Among the lines of the records, find all that carry the word "receipt" and copy them.

++++ SUPPLIED MATERIAL ++++

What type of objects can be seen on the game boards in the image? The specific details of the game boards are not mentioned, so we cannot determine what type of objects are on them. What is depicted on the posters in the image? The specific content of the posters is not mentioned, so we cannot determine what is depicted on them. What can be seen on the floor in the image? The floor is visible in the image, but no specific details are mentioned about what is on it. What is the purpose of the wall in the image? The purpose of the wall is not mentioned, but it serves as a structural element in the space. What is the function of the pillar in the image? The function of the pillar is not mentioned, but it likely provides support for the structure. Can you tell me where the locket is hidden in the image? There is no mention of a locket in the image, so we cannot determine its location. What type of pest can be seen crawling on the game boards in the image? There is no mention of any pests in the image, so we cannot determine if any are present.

++++
++++ SUPPLIED MATERIAL ++++

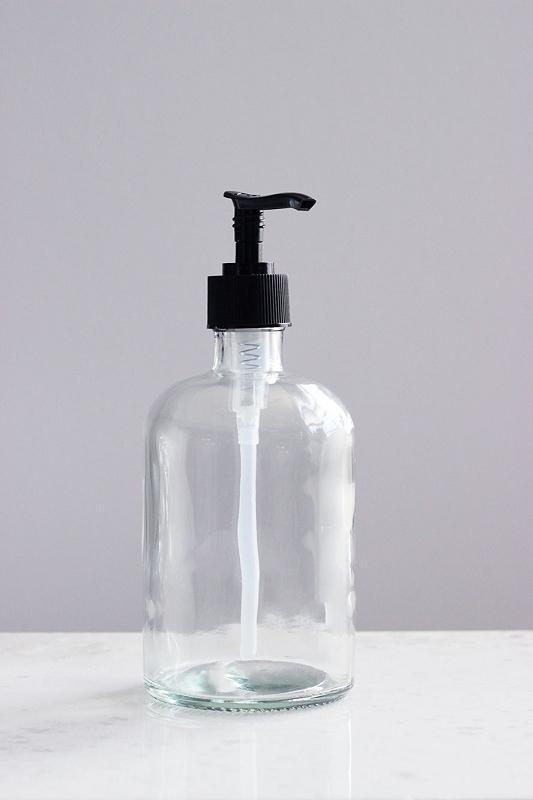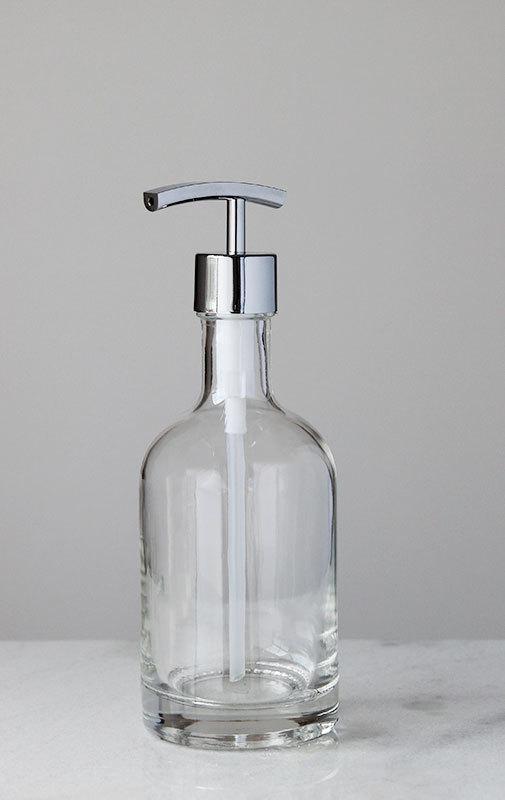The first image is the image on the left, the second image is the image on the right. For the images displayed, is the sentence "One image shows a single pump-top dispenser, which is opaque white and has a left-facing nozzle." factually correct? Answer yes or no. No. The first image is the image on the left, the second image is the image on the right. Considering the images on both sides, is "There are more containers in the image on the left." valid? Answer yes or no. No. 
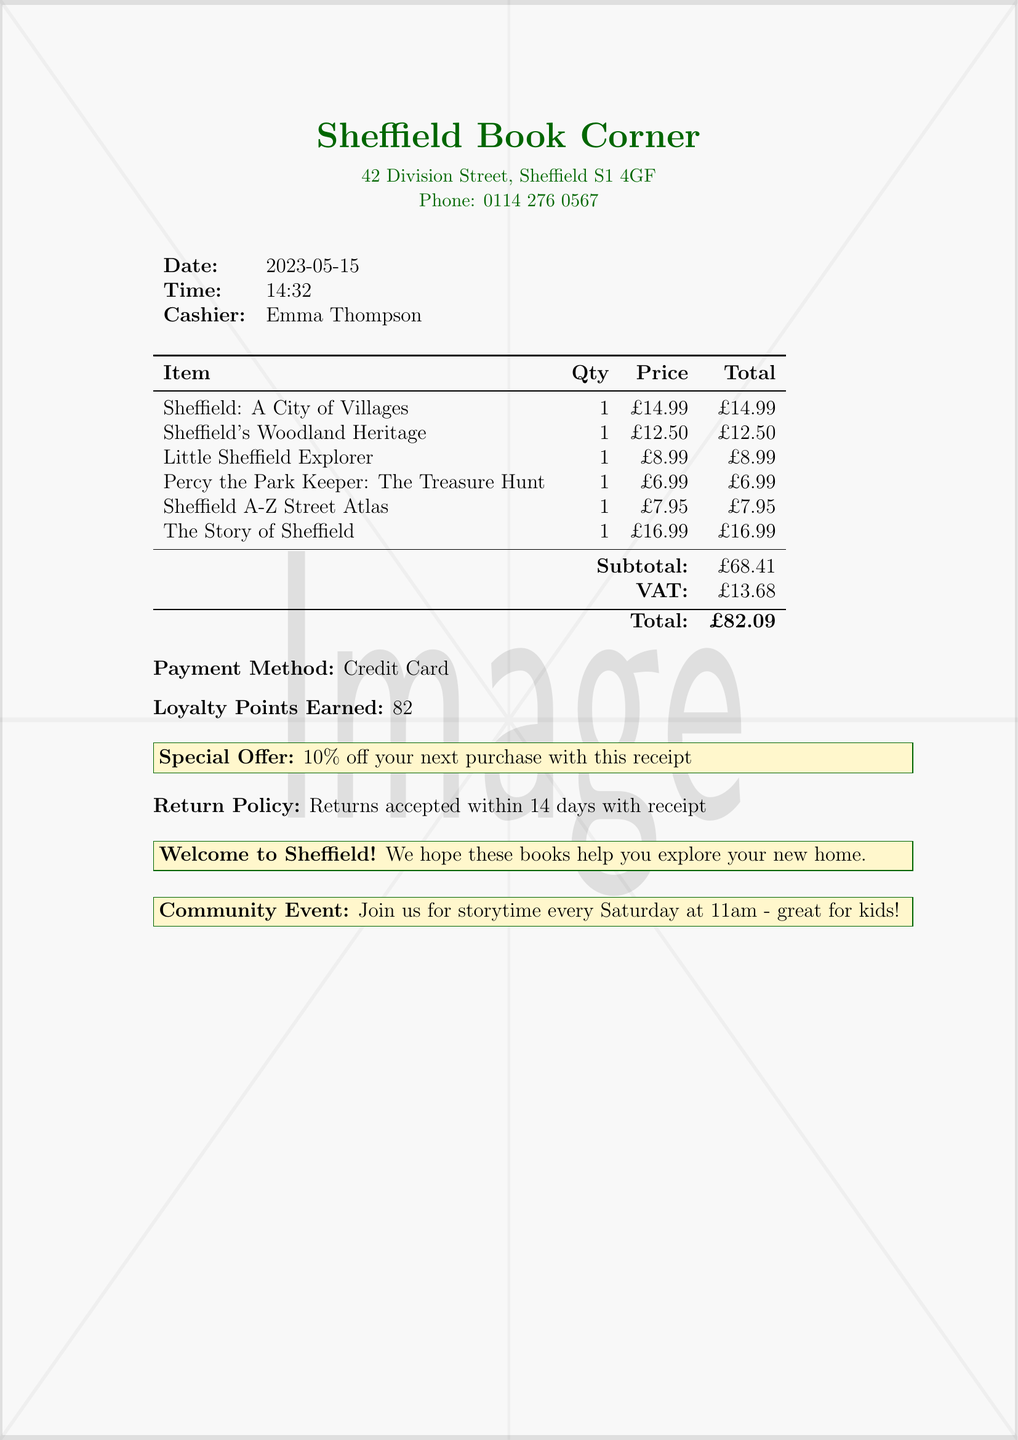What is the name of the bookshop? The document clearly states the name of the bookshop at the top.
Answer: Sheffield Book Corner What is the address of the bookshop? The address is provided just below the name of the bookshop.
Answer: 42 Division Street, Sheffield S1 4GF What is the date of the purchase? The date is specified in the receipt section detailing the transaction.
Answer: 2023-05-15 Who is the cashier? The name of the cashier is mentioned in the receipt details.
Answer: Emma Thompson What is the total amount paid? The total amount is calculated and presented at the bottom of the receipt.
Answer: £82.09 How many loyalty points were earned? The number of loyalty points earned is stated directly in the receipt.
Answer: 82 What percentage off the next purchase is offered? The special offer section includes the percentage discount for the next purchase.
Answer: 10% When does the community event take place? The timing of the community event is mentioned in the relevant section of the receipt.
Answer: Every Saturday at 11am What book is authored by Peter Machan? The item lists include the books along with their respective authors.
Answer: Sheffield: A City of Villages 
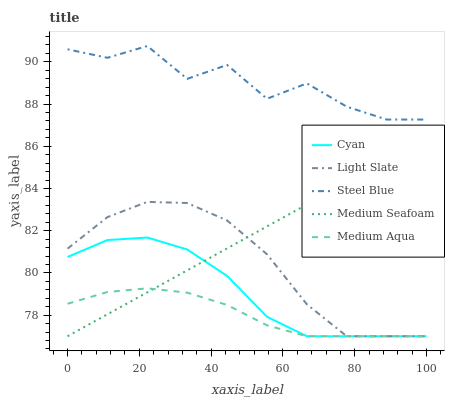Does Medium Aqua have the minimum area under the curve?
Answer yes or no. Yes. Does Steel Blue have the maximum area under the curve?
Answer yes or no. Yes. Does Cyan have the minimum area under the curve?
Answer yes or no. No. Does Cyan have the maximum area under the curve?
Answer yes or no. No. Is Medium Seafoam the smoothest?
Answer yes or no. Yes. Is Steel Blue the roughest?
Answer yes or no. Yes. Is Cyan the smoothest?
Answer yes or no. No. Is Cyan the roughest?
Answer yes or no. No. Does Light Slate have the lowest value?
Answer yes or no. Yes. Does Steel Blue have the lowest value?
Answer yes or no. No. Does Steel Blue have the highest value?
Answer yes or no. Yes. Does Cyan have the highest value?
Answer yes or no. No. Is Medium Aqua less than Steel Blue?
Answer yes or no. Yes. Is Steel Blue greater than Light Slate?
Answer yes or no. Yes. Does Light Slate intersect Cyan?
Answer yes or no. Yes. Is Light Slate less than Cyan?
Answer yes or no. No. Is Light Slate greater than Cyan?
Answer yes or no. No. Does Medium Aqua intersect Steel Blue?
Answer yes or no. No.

++++

> _ANSWER TO THIS TASK_:
Answer: 42 Division Street, Sheffield S1 4GF What is the date of the purchase? The date is specified in the receipt section detailing the transaction.
Answer: 2023-05-15 Who is the cashier? The name of the cashier is mentioned in the receipt details.
Answer: Emma Thompson What is the total amount paid? The total amount is calculated and presented at the bottom of the receipt.
Answer: £82.09 How many loyalty points were earned? The number of loyalty points earned is stated directly in the receipt.
Answer: 10% When does the community event take place? The timing of the community event is mentioned in the relevant section of the receipt.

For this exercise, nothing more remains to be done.